You bring a very valid point. My advice is to carefully chose the HBA and the disks and do extensive testing during the initial phase of the project and have controlled Firmware upgrade campains with a good pre-production setup.

In a multiple RAID-0 scenario, there are some parameters you need to disable such as rebuild priority or consistency check if you don't want your entire OSD server to temporarily go down in case of a single drive failure.

The points you bring are valid too with SATA flash disks as you have to deal with Disks, HBA and sometimes Backplane Firmware.

- Antoine

PS: the "preserved cache" issue you're refering too... I had to ditch an HBA that had that "feature" during my initial hardware tests. It was dramatically affecting the stability of the entire OSD.

________________________________
From: Anthony D'Atri <aad@xxxxxxxxxxxxxx>
Sent: Tuesday, April 21, 2020 2:59 AM
To: ceph-users <ceph-users@xxxxxxx>
Subject:  Re: some ceph general questions about the design



>
> 1. shoud i use a raid controller a create for example a raid 5 with all disks on each osd server? or should i passtrough all disks to ceph osd?
>
> If your OSD servers have HDDs, buy a good RAID Controller with a battery-backed write cache and configure it using multiple RAID-0 volumes (1 physical disk per volume).
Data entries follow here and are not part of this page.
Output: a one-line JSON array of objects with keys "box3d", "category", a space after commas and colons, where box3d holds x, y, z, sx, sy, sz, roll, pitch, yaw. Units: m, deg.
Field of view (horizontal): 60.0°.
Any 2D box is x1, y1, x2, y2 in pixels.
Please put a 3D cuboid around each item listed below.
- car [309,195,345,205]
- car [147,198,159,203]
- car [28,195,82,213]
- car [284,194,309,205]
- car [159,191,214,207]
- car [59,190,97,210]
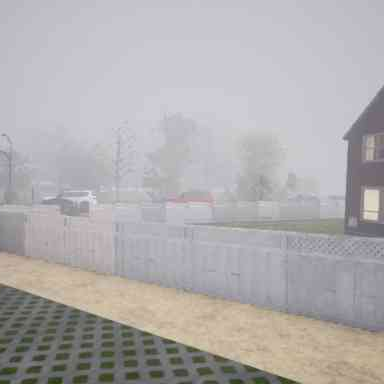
[{"box3d": [18.147, 1.113, 42.216, 5.357, 1.411, 2.033, 0, 2, -18], "category": "car"}, {"box3d": [-2.754, 1.045, 38.730, 5.008, 1.535, 1.882, 0, 2, -19], "category": "car"}, {"box3d": [-13.297, 1.289, 31.790, 4.674, 1.442, 1.812, 0, 2, -17], "category": "car"}, {"box3d": [14.574, 0.992, 44.471, 4.674, 1.442, 1.812, 0, 2, -18], "category": "car"}, {"box3d": [-0.358, 0.889, 36.098, 5.566, 2.045, 2.150, 0, 2, -18], "category": "car"}, {"box3d": [-13.001, 0.866, 35.295, 5.566, 2.045, 2.150, 0, 2, -18], "category": "car"}]
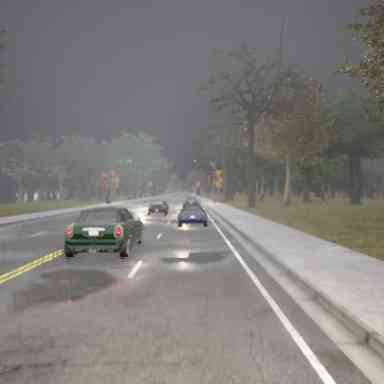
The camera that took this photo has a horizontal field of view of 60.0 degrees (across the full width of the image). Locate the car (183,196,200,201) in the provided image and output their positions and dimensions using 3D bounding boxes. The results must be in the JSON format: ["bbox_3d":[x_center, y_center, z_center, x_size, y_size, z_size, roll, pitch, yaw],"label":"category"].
[{"bbox_3d":[-0.074,1.340,40.995,2.097,1.767,4.553,0,0,0],"label":"car"}]

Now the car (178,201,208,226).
[{"bbox_3d":[0.039,1.553,23.134,1.994,1.385,4.181,0,0,0],"label":"car"}]

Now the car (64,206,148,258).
[{"bbox_3d":[-3.174,1.345,12.841,2.097,1.767,4.553,0,0,0],"label":"car"}]

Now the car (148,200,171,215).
[{"bbox_3d":[-3.266,1.514,33.035,1.812,1.442,4.674,0,0,0],"label":"car"}]
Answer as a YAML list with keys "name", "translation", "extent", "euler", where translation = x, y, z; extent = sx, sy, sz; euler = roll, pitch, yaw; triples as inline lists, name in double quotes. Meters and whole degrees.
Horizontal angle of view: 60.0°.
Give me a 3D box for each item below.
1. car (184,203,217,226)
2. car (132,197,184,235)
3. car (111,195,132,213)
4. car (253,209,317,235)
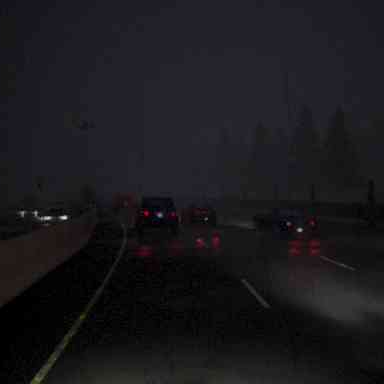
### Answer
- name: "car"
  translation: [0.370, 1.558, 24.072]
  extent: [2.128, 1.511, 4.902]
  euler: [0, 0, -13]
- name: "car"
  translation: [-2.167, 1.283, 19.533]
  extent: [2.150, 2.045, 5.566]
  euler: [0, 0, -12]
- name: "car"
  translation: [-8.282, 1.353, 39.600]
  extent: [2.150, 2.045, 5.566]
  euler: [0, 0, -20]
- name: "car"
  translation: [5.080, 1.640, 19.038]
  extent: [1.895, 1.301, 4.718]
  euler: [0, 0, -10]
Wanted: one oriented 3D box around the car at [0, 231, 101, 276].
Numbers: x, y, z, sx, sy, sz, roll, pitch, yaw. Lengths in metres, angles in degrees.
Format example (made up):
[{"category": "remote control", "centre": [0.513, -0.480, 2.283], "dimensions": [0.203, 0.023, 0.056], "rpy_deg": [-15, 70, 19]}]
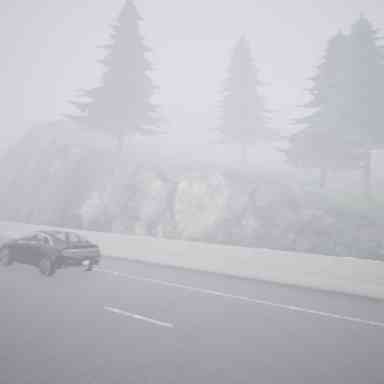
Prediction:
[{"category": "car", "centre": [-5.666, 2.260, 13.068], "dimensions": [4.902, 1.511, 2.128], "rpy_deg": [0, -5, 36]}]
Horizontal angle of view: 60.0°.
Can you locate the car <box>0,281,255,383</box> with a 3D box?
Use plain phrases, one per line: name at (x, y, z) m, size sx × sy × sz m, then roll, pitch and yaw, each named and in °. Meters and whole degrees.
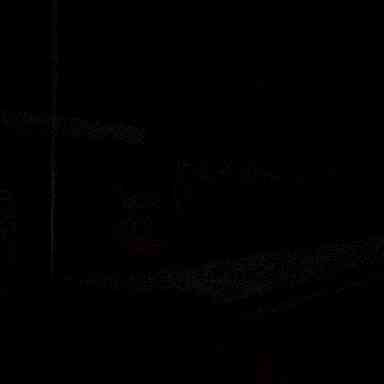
car at (-1.796, 1.477, 2.095) m, size 5.008 × 1.535 × 1.882 m, roll 0°, pitch 0°, yaw -35°
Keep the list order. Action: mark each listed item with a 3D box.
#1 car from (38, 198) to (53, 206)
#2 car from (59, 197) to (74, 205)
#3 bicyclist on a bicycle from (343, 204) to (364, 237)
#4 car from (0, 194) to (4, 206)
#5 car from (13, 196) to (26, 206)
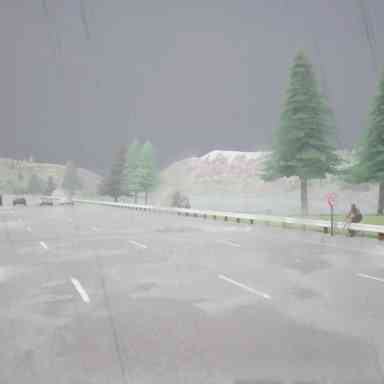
[{"bbox_3d":[-24.036,1.601,54.446,1.895,1.301,4.718,0,0,-31],"label":"car"},{"bbox_3d":[-21.663,1.526,57.301,1.812,1.442,4.674,0,0,-30],"label":"car"},{"bbox_3d":[8.097,1.437,16.590,1.656,1.620,0.582,5,-2,-30],"label":"bicyclist on a bicycle"},{"bbox_3d":[-32.004,1.221,54.156,2.150,2.045,5.566,0,0,-31],"label":"car"},{"bbox_3d":[-29.355,1.491,56.549,2.128,1.511,4.902,0,0,-31],"label":"car"}]

That way, reads and write will be accelerated by the cache on the HBA.

I’ve lived this scenario and hated it.  Multiple firmware and manufacturing issues, batteries/supercaps can fail and need to be monitored, bugs causing staged data to be lost before writing to disk, another bug that required replacing the card if there was preserved cache for a failed drive, because it would refuse to boot, difficulties in drive monitoring, HBA monitoring utility that would lock the HBA or peg the CPU, the list goes on.
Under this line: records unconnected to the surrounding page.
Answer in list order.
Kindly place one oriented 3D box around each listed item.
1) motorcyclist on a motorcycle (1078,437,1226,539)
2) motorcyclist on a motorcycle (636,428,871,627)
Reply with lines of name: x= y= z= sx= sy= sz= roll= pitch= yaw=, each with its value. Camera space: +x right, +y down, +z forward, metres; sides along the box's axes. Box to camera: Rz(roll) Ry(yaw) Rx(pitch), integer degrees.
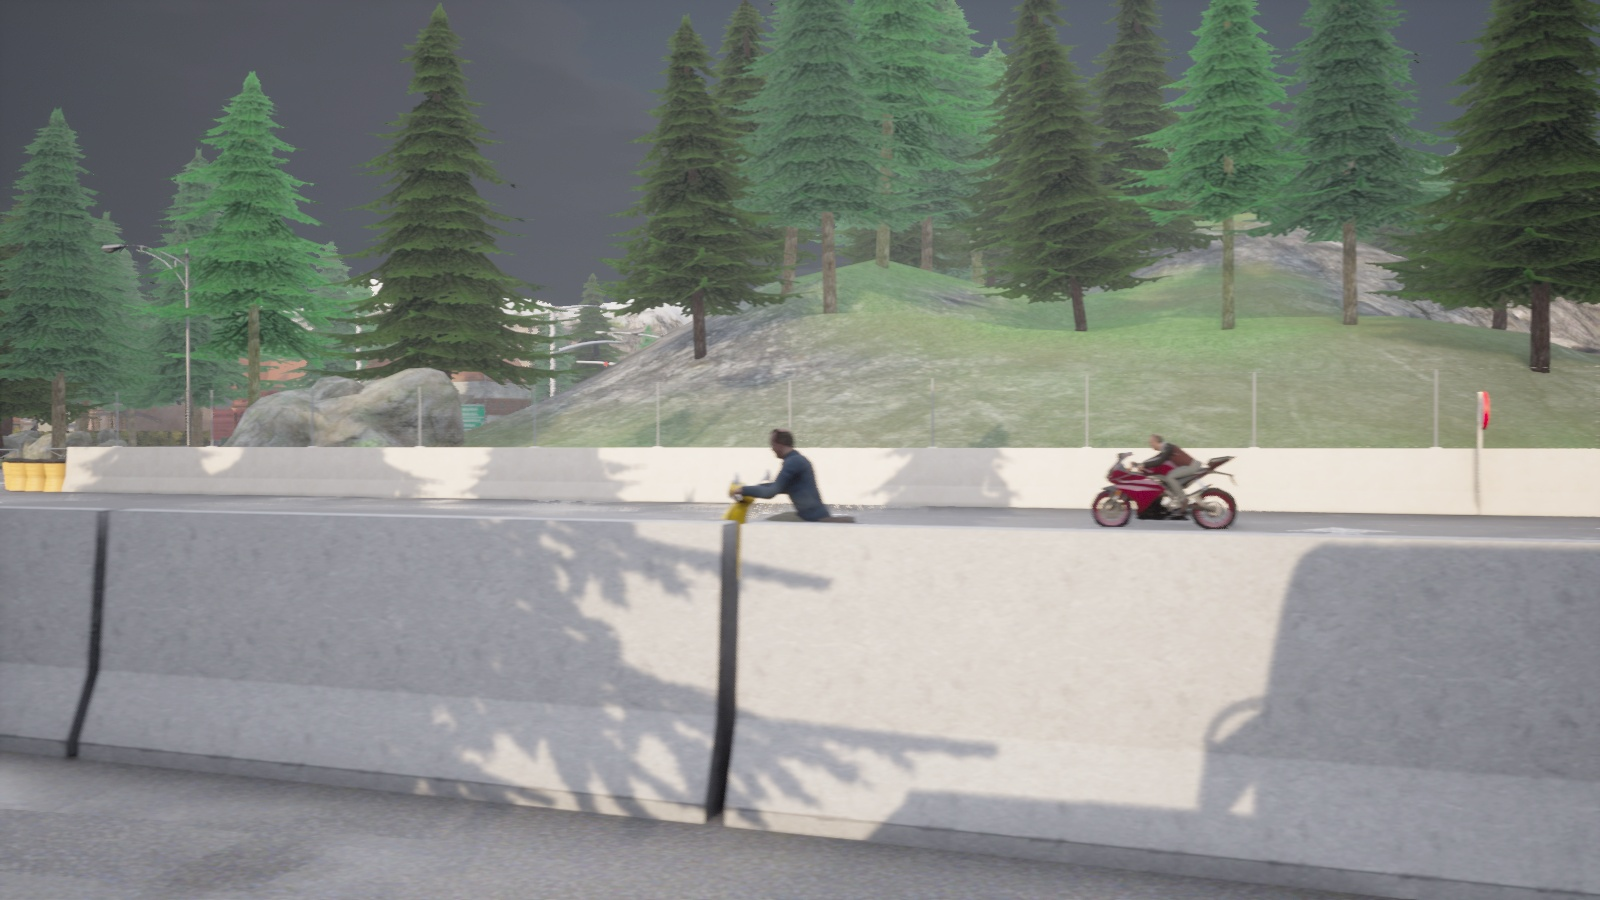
motorcyclist on a motorcycle: x=5.546 y=0.565 z=19.790 sx=2.191 sy=1.530 sz=0.866 roll=1 pitch=1 yaw=19
motorcyclist on a motorcycle: x=-0.383 y=0.607 z=10.706 sx=1.817 sy=1.590 sz=0.866 roll=0 pitch=1 yaw=19

For the additional cost of RoC, cache RAM, supercap to (fingers crossed) protect the cache, all the additional monitoring and hands work … you might find that SATA SSDs on a JBOD HBA are no more expensive.

> 3. if i have a 3 physically node osd cluster, did i need 5 physicall mons?
> No. 3 MON are enough

If you have good hands and spares.  If your cluster is on a different continent and colo hands can’t find their own butts …..  it’s nice to survive a double failure.